**Directions:** Report each line of the data that includes the word "Reeuwijk".

**Exercise materials:**
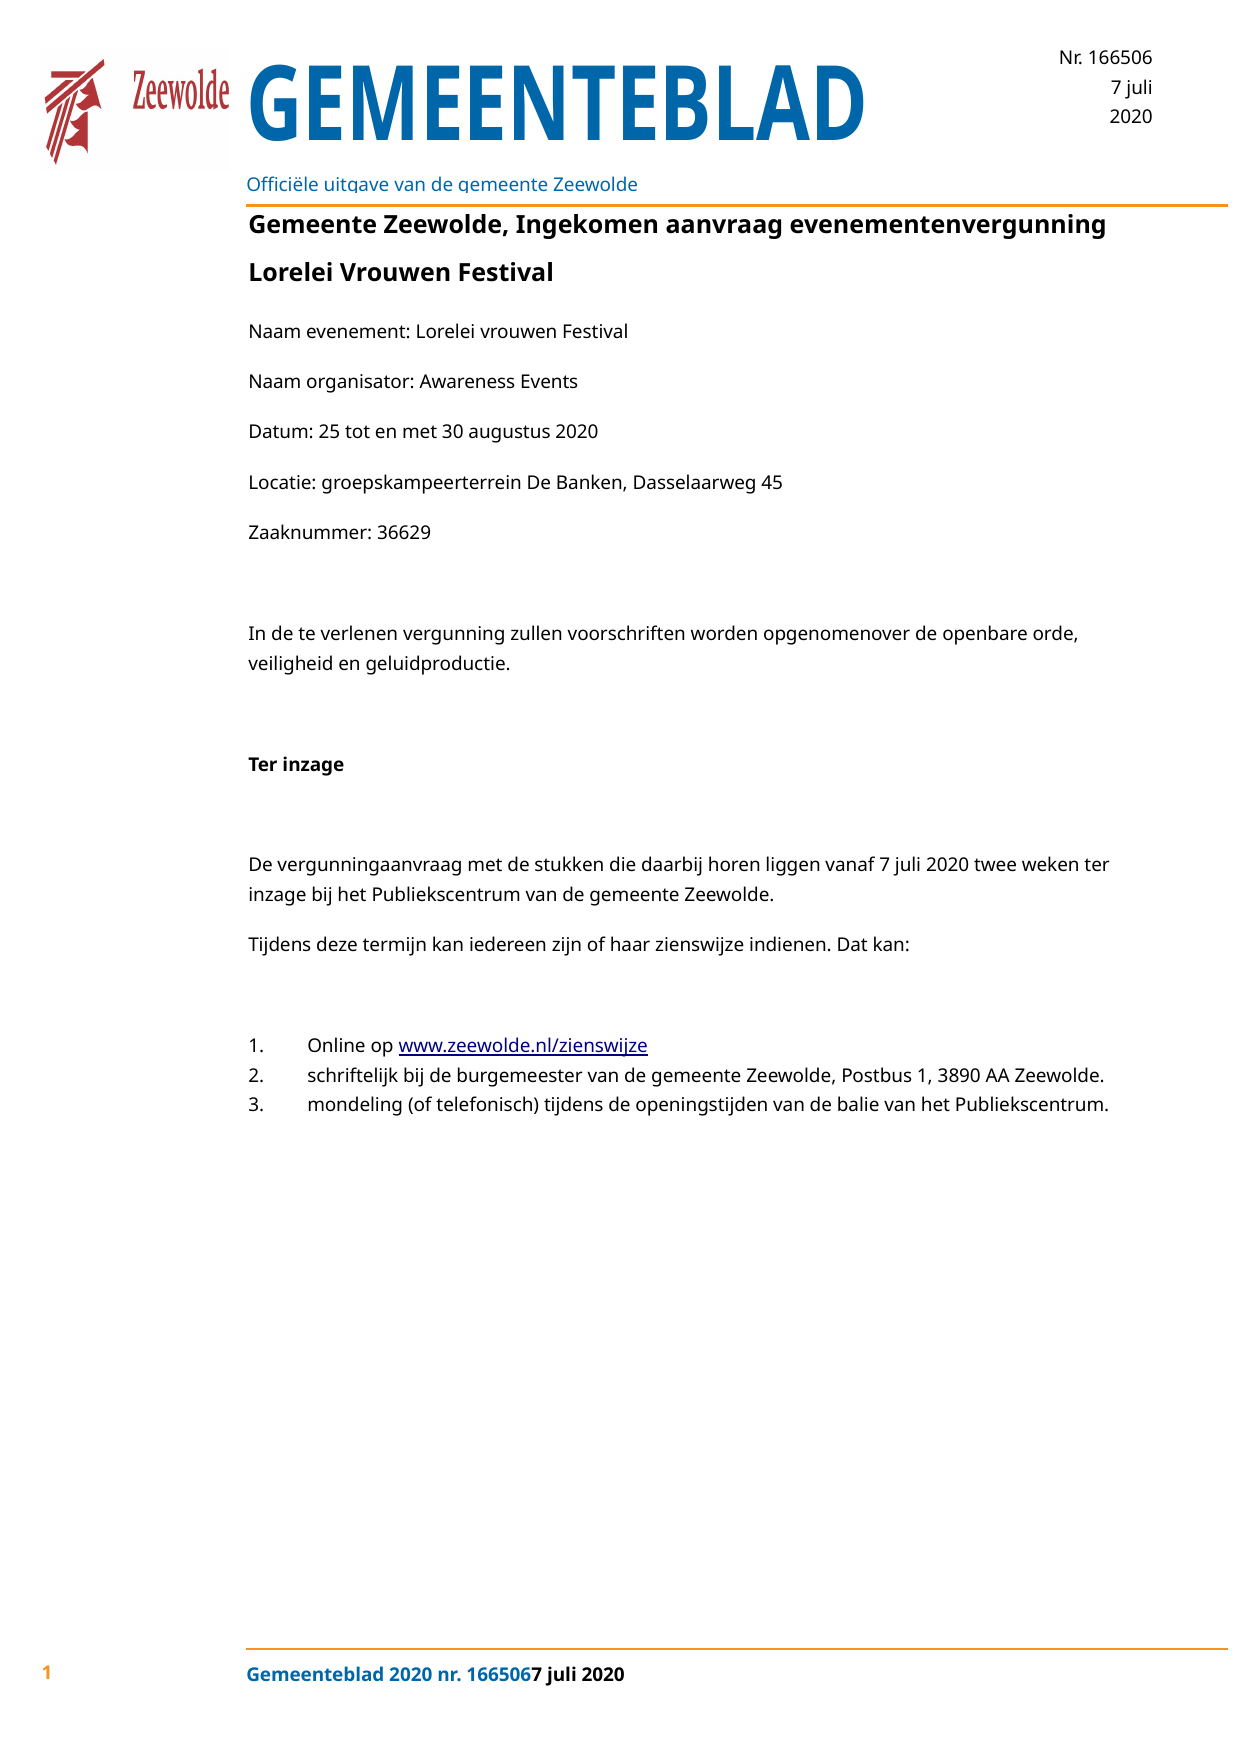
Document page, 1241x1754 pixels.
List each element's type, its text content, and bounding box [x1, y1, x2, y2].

picture [41, 47, 231, 172]
text De vergunningaanvraag met de stukken die daarbij horen liggen vanaf 7 juli 2020 twee weken ter inzage bij het Publiekscentrum van de gemeente Zeewolde. [248, 852, 1152, 907]
list schriftelijk bij de burgemeester van de gemeente Zeewolde, Postbus 1, 3890 AA Zeewolde. [248, 1062, 1152, 1088]
text Datum: 25 tot en met 30 augustus 2020 [248, 419, 1152, 444]
text Tijdens deze termijn kan iedereen zijn of haar zienswijze indienen. Dat kan: [248, 932, 1152, 957]
text Ter inzage [248, 751, 1152, 777]
text Gemeente Zeewolde, Ingekomen aanvraag evenementenvergunning Lorelei Vrouwen Festival [248, 207, 1152, 288]
text Naam organisator: Awareness Events [248, 368, 1152, 394]
list Online op www.zeewolde.nl/zienswijze [248, 1032, 1152, 1058]
text Naam evenement: Lorelei vrouwen Festival [248, 318, 1152, 344]
text In de te verlenen vergunning zullen voorschriften worden opgenomenover de openbare orde, veiligheid en geluidproductie. [248, 620, 1152, 676]
text Locatie: groepskampeerterrein De Banken, Dasselaarweg 45 [248, 469, 1152, 495]
text Zaaknummer: 36629 [248, 519, 1152, 545]
list mondeling (of telefonisch) tijdens de openingstijden van de balie van het Publiekscentrum. [248, 1092, 1152, 1117]
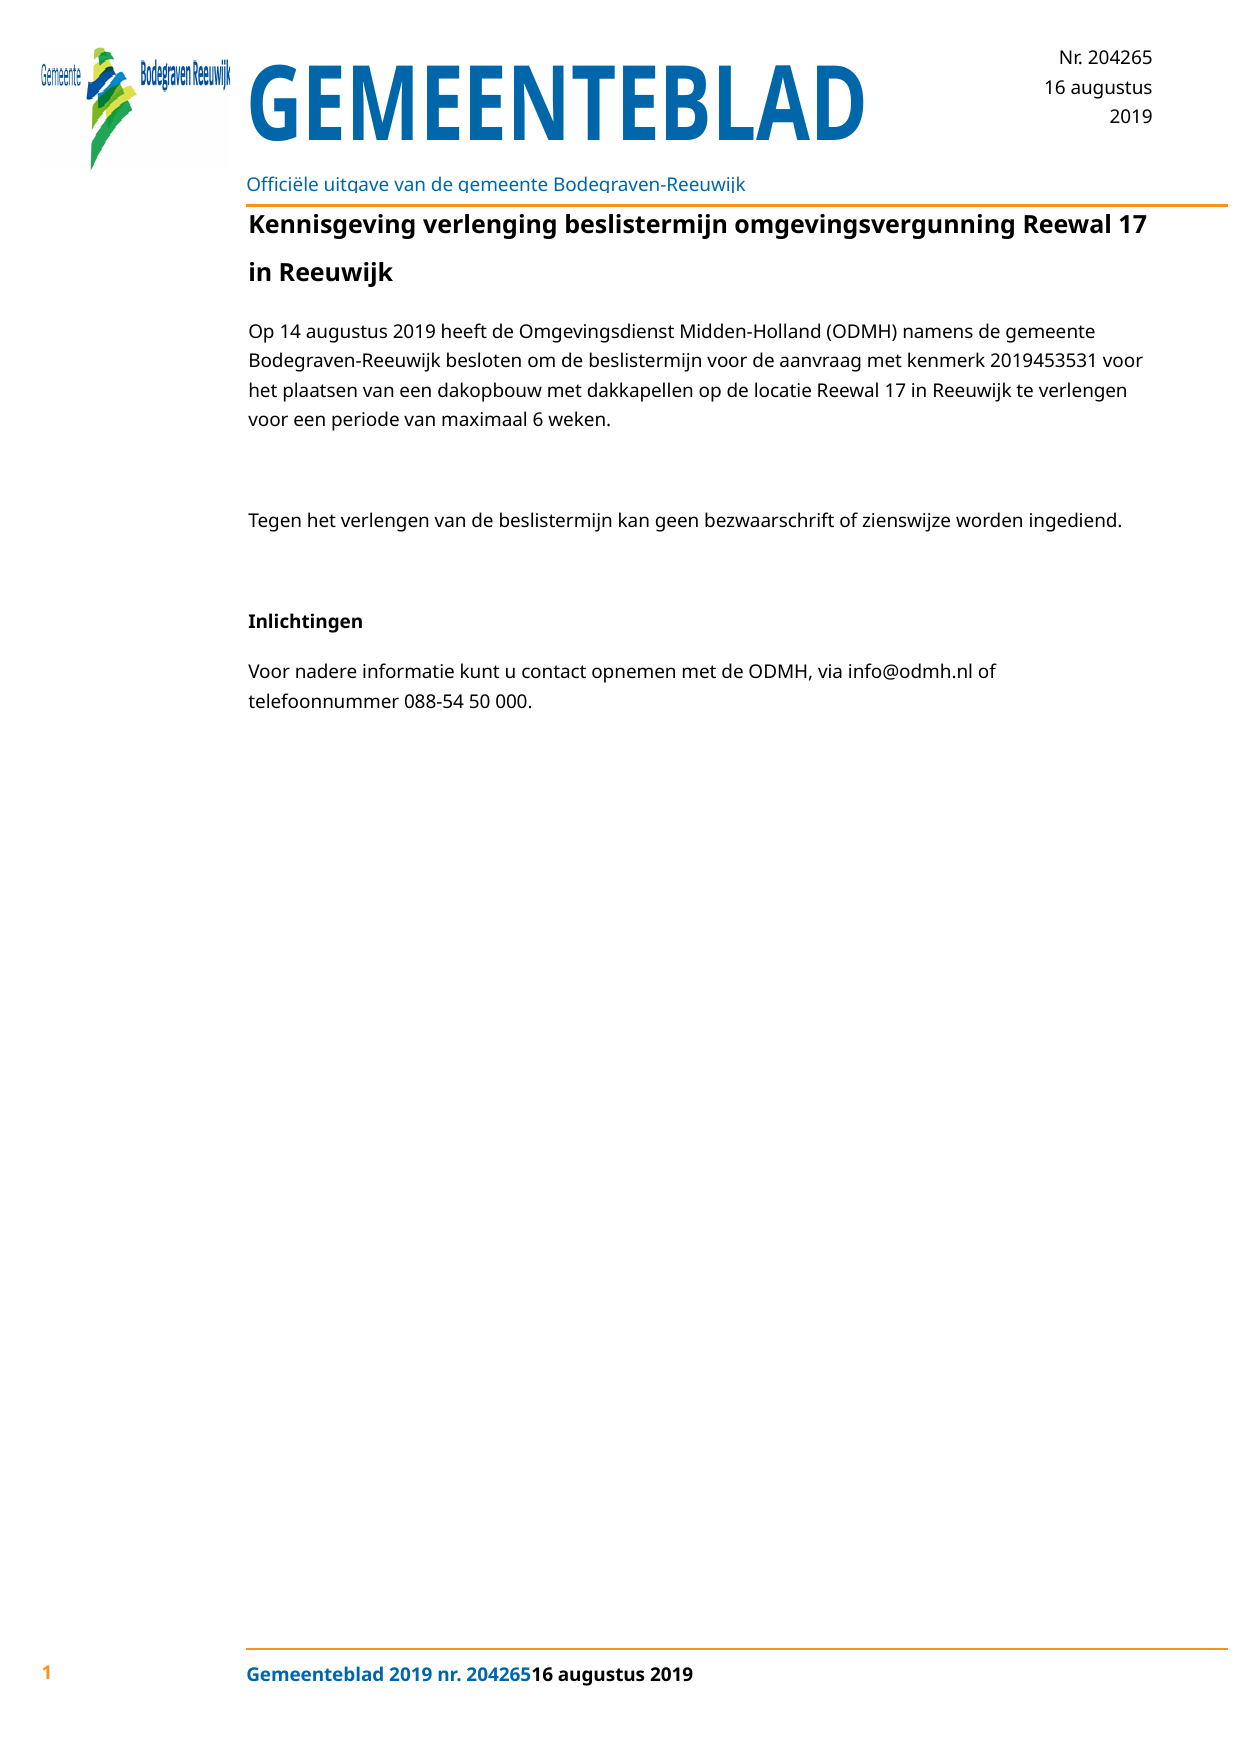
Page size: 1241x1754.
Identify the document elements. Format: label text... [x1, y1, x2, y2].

picture [41, 47, 231, 172]
text Voor nadere informatie kunt u contact opnemen met de ODMH, via info@odmh.nl of telefoonnummer 088-54 50 000. [248, 659, 1152, 714]
text Inlichtingen [248, 608, 1152, 634]
text Tegen het verlengen van de beslistermijn kan geen bezwaarschrift of zienswijze worden ingediend. [248, 507, 1152, 533]
text Kennisgeving verlenging beslistermijn omgevingsvergunning Reewal 17 in Reeuwijk [248, 207, 1152, 288]
text Op 14 augustus 2019 heeft de Omgevingsdienst Midden-Holland (ODMH) namens de gemeente Bodegraven-Reeuwijk besloten om de beslistermijn voor de aanvraag met kenmerk 2019453531 voor het plaatsen van een dakopbouw met dakkapellen op de locatie Reewal 17 in Reeuwijk te verlengen voor een periode van maximaal 6 weken. [248, 318, 1152, 432]

**Answer space:**
text Kennisgeving verlenging beslistermijn omgevingsvergunning Reewal 17 in Reeuwijk [248, 207, 1152, 288]
text Op 14 augustus 2019 heeft de Omgevingsdienst Midden-Holland (ODMH) namens de gemeente Bodegraven-Reeuwijk besloten om de beslistermijn voor de aanvraag met kenmerk 2019453531 voor het plaatsen van een dakopbouw met dakkapellen op de locatie Reewal 17 in Reeuwijk te verlengen voor een periode van maximaal 6 weken. [248, 318, 1152, 432]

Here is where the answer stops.